If this type of conservative care does not help reduce or eliminate the patient's pain, then more direct medical intervention may be needed. The patient might benefit from nutritional supplements or even steroid injections into the hip. The injections contain a numbing agent and an antiinflammatory. Pain relief is possible in some patients with one or two shots to deposit the active ingredients into the largest hip bursa (located between the iliotibial band and the underlying gluteus medius muscle).

Physical therapy may be prescribed. The therapist will guide you in strengthening the appropriate muscles, including core training. Stretching the overlying soft tissue structures makes sense. Relieving tension in the structures around the greater trochanter reduces friction leading to the pain syndrome. The therapist has several other tools to help realign structures for pain relief.

If all of these techniques have been tried without success, surgery may be a final option. If there is a tendon tear, it is idébrided (cleaned up) and repaired. If the bursa is torn or frayed, the area can also be débrided. The surgeon can even shave the bone down around the greater trochanter to reduce pressure and friction causing painful symptoms. This procedure is called a reduction osteotomy.

During arthroscopic surgery, the surgeon can take a look at all the structures in and around the hip joint. Any loose fragments of cartilage, torn ligaments, or damaged cartilage can be removed or repaired. The surgeon can look and see if the bursa is inflamed or if tendons need débriding or repair.

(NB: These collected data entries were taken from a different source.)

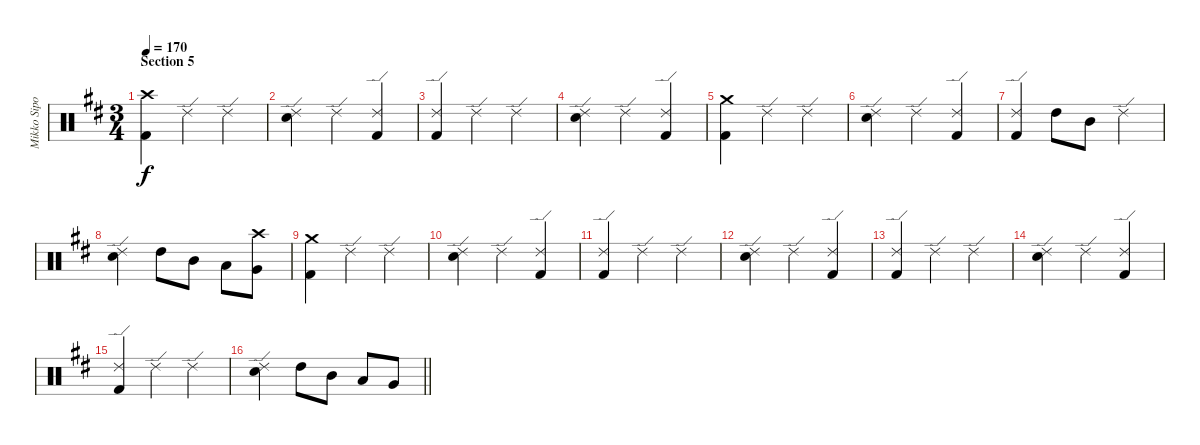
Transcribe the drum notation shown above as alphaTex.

\track ("Mikko Sipola (drums)" "Mikko Sipo") {instrument percussion}
\staff {score}
\articulation defaults
\ts (3 4)
\section ("" "Section 5")
\tempo 170
\clef neutral
\ks bminor
("Crash high (hit)" "Kick (hit) 2").4{dy f} "Ride (edge) 2".4 "Ride (edge) 2".4 |
("Ride (edge) 2" "Electric Snare (hit)").4 "Ride (edge) 2".4 ("Ride (edge) 2" "Kick (hit) 2").4 |
("Ride (edge) 2" "Kick (hit) 2").4 "Ride (edge) 2".4 "Ride (edge) 2".4 |
("Ride (edge) 2" "Electric Snare (hit)").4 "Ride (edge) 2".4 ("Ride (edge) 2" "Kick (hit) 2").4 |
("Crash medium (hit)" "Kick (hit) 2").4 "Ride (edge) 2".4 "Ride (edge) 2".4 |
("Ride (edge) 2" "Electric Snare (hit)").4 "Ride (edge) 2".4 ("Ride (edge) 2" "Kick (hit) 2").4 |
("Ride (edge) 2" "Kick (hit) 2").4 "High Tom (hit)".8 "Mid Tom (hit)".8 "Ride (edge) 2".4 |
("Ride (edge) 2" "Electric Snare (hit)").4 "High Tom (hit)".8 "Mid Tom (hit)".8 "Low Tom (hit)".8 ("Very Low Tom (hit)" "Crash high (hit)").8 |
("Crash medium (hit)" "Kick (hit) 2").4 "Ride (edge) 2".4 "Ride (edge) 2".4 |
("Ride (edge) 2" "Electric Snare (hit)").4 "Ride (edge) 2".4 ("Ride (edge) 2" "Kick (hit) 2").4 |
("Ride (edge) 2" "Kick (hit) 2").4 "Ride (edge) 2".4 "Ride (edge) 2".4 |
("Ride (edge) 2" "Electric Snare (hit)").4 "Ride (edge) 2".4 ("Ride (edge) 2" "Kick (hit) 2").4 |
("Ride (edge) 2" "Kick (hit) 2").4 "Ride (edge) 2".4 "Ride (edge) 2".4 |
("Ride (edge) 2" "Electric Snare (hit)").4 "Ride (edge) 2".4 ("Ride (edge) 2" "Kick (hit) 2").4 |
("Ride (edge) 2" "Kick (hit) 2").4 "Ride (edge) 2".4 "Ride (edge) 2".4 |
\barLineRight lightlight
("Ride (edge) 2" "Electric Snare (hit)").4 "High Tom (hit)".8 "Mid Tom (hit)".8 "Low Tom (hit)".8 "Very Low Tom (hit)".8

A rehab program follows surgery. The program is much like what is done to prevent hip problems from occurring. Any muscle imbalances are addressed along with correction of any alignment issues. Core training and stretching of the muscles and iliotibial band along the outside of the thigh are key parts of the rehab program.

Patients who exercise regularly must be advised to follow a program of cross-training paying attention to shoe wear and surfaces they run or walk on. Older adults with signs of arthritis may want to try taking nutritional supplements such as glucosamine and chondroitin. There is some evidence that this approach can be helpful in restoring the joint surfaces.

Chris Dougherty, DO, and John J. Dougherty, DO. Managing and Preventing Hip Pathology in Trochanteric Pain Syndrome. In The Journal of Musculoskeletal Medicine. November 2008. Vol. 25. No. 11. Pp. 521-523.